By photographing the literal and physical phenomenon of audiences leaving concerts, games, and stages of entertainment, the content of the work illuminates the desire for the modern individual to live his or her life with an audience (and its hereafter detrimental effect). The series was created with the following in mind, “With the advent of social media, how often do we flock to stages of entertainment in the hope that we might, one day, wish to watch a rewind of our lives in satisfaction through the technology of pictures”? The work is about how photography has subsequently aided in the idea of fame as being the ultimate totem of successful adult life.

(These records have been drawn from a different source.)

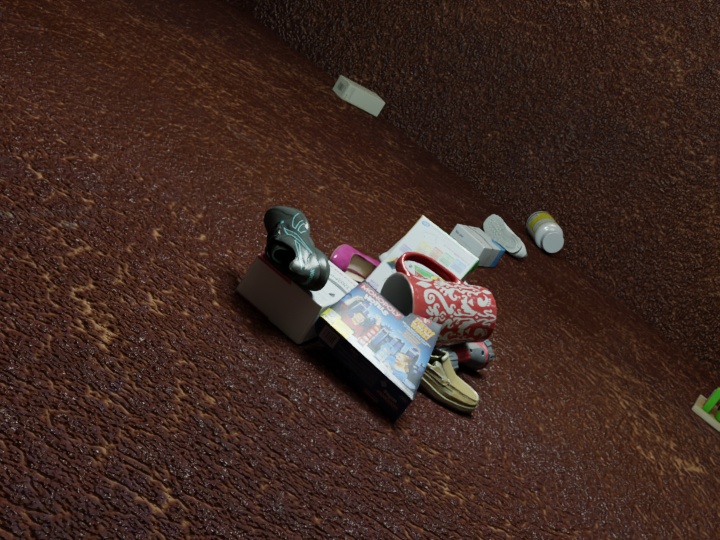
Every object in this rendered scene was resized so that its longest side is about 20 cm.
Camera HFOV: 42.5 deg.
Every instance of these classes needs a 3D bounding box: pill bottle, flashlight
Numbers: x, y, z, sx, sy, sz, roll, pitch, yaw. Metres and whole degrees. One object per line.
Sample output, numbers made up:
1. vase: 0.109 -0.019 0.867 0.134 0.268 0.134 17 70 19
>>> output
1. pill bottle: 0.707 -0.142 3.527 0.111 0.112 0.200 29 18 -16
2. flashlight: 0.196 0.171 1.809 0.199 0.067 0.069 -6 84 -61

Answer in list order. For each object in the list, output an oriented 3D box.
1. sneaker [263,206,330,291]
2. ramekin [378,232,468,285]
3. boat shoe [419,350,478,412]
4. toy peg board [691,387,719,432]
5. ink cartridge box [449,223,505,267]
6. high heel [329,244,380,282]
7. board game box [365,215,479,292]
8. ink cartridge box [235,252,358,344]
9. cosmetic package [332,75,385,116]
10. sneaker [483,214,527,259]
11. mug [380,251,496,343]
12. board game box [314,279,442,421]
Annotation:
1. sneaker: -0.118 -0.047 1.505 0.079 0.076 0.200 13 27 -39
2. ramekin: 0.142 0.008 2.002 0.200 0.098 0.201 44 5 -5
3. boat shoe: 0.137 0.179 1.647 0.199 0.076 0.072 30 17 -14
4. toy peg board: 1.109 0.427 2.763 0.200 0.098 0.199 41 18 18
5. ink cartridge box: 0.329 -0.072 2.703 0.116 0.067 0.199 43 19 25
6. high heel: 0.000 0.000 1.897 0.095 0.068 0.200 29 1 18
7. board game box: 0.120 0.010 1.877 0.153 0.200 0.040 39 -13 16
8. ink cartridge box: -0.097 0.035 1.585 0.145 0.084 0.200 38 19 13
9. cosmetic package: -0.007 -0.719 3.819 0.199 0.073 0.104 22 21 -37
10. sneaker: 0.487 -0.110 3.122 0.080 0.076 0.201 32 18 -47
11. mug: 0.151 0.057 1.759 0.198 0.180 0.133 6 -2 -28
12. board game box: 0.043 0.118 1.539 0.200 0.062 0.200 42 36 9

The other way in which to enter the work is through the literal process of making a photographic print. All of the layers of the printing process are included within the final image; transparency is an important facet throughout this body of work. The fingerprints and mechanical marks made from the heaviness of the ink onto the vellum begins a conversation with the viewer about, one, the artist’s hand as blatantly a part of the work as the content of the film itself and, two, the importance of methodology in producing a photographic print.
The result is a series of images that are viewed with the whole body. The work is painterly, forensic, cold and experimental. The work is named after the daffodil (Latin name pseudonarcissus), the flower that stares at its own reflection in the water.
ARTIST BIOS
MARCO CASTELLI lives and works in Firenze, Italy. Both his personal and documentary research move through a deep interest in human environment and life. In 2016 he quit photography, looking for different approaches to visual art and creative communication. His works have been awarded, published and displayed internationally.
RISLEY CLINE (b. 1996) is a visual artist from Los Angeles, CA. She received her B.A. in Art from University of California, Los Angeles in June of 2018 and works primarily within the mediums of photography and painting. Her work has been featured in the New Wight Gallery, Avenue Studio 50, Dortort Center for the Arts, and Gallery 800 in Los Angeles. UNFRAMED is her first exhibition in New Orleans, LA where she is presently living and working.
MICHAEL DAROUGH is a nationally exhibiting artist whose work deals with personal, cultural and self-projected identity. He received his BFA from Arizona State University and holds an MFA from the University of Memphis. Michael spent four years teaching photography and the history of photography at Lycoming College in Pennsylvania before accepting a position at Baylor University, where he is currently an Assistant Professor of Photography. Michael is an active member of the Society for Photographic Education and is currently Co-Chair of the SPE Multicultural-Caucus. Recently his work has been shown at The Center for Fine Art Photography in Fort Collins, CO, The Brooks Museum of Art in Memphis, TN, and Site:Brooklyn in Brooklyn, NY.
MEHVEŞ LELIC is a photographer and teaching artist. In her work she ponders modernity and heritage, belonging, making a home, and the resulting relationship with the environment.